Work item ▸ Reproduce exactly the lines from the line containing "Format example (made" through the last line of the listing, and no others.

________

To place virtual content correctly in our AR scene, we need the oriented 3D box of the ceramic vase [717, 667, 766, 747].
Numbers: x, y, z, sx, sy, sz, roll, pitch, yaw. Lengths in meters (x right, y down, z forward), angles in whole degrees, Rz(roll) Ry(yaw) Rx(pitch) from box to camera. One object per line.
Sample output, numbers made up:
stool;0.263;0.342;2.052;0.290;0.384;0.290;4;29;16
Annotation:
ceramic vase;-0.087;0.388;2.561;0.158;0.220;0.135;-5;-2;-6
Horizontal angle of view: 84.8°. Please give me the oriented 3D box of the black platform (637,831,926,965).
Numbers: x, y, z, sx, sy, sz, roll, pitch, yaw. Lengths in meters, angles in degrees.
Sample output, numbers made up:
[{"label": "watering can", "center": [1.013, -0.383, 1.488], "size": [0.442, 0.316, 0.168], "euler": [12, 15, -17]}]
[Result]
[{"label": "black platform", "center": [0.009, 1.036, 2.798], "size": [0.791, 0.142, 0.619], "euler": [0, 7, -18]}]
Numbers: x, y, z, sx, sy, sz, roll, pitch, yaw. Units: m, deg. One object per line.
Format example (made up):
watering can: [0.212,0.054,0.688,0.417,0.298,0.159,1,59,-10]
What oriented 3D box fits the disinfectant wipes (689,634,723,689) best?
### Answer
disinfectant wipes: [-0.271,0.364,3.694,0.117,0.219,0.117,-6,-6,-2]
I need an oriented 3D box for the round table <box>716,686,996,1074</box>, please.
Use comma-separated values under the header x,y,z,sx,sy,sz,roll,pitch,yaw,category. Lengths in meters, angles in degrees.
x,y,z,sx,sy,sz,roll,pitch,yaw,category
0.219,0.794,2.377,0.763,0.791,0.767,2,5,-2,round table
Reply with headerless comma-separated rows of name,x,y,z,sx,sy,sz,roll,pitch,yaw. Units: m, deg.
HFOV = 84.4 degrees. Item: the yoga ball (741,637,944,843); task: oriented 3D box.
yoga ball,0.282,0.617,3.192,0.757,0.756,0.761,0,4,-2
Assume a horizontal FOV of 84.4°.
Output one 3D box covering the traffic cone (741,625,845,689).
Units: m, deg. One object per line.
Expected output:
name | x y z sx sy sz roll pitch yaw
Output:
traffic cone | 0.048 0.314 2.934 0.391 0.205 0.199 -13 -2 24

________

Answer to this problem ▸
Format example (made up):
watering can: [0.212,0.054,0.688,0.417,0.298,0.159,1,59,-10]
What oriented 3D box fits the disinfectant wipes (689,634,723,689) best?
### Answer
disinfectant wipes: [-0.271,0.364,3.694,0.117,0.219,0.117,-6,-6,-2]
I need an oriented 3D box for the round table <box>716,686,996,1074</box>, please.
Use comma-separated values under the header x,y,z,sx,sy,sz,roll,pitch,yaw,category. Lengths in meters, angles in degrees.
x,y,z,sx,sy,sz,roll,pitch,yaw,category
0.219,0.794,2.377,0.763,0.791,0.767,2,5,-2,round table
Reply with headerless comma-separated rows of name,x,y,z,sx,sy,sz,roll,pitch,yaw. Units: m, deg.
HFOV = 84.4 degrees. Item: the yoga ball (741,637,944,843); task: oriented 3D box.
yoga ball,0.282,0.617,3.192,0.757,0.756,0.761,0,4,-2
Assume a horizontal FOV of 84.4°.
Output one 3D box covering the traffic cone (741,625,845,689).
Units: m, deg. One object per line.
Expected output:
name | x y z sx sy sz roll pitch yaw
Output:
traffic cone | 0.048 0.314 2.934 0.391 0.205 0.199 -13 -2 24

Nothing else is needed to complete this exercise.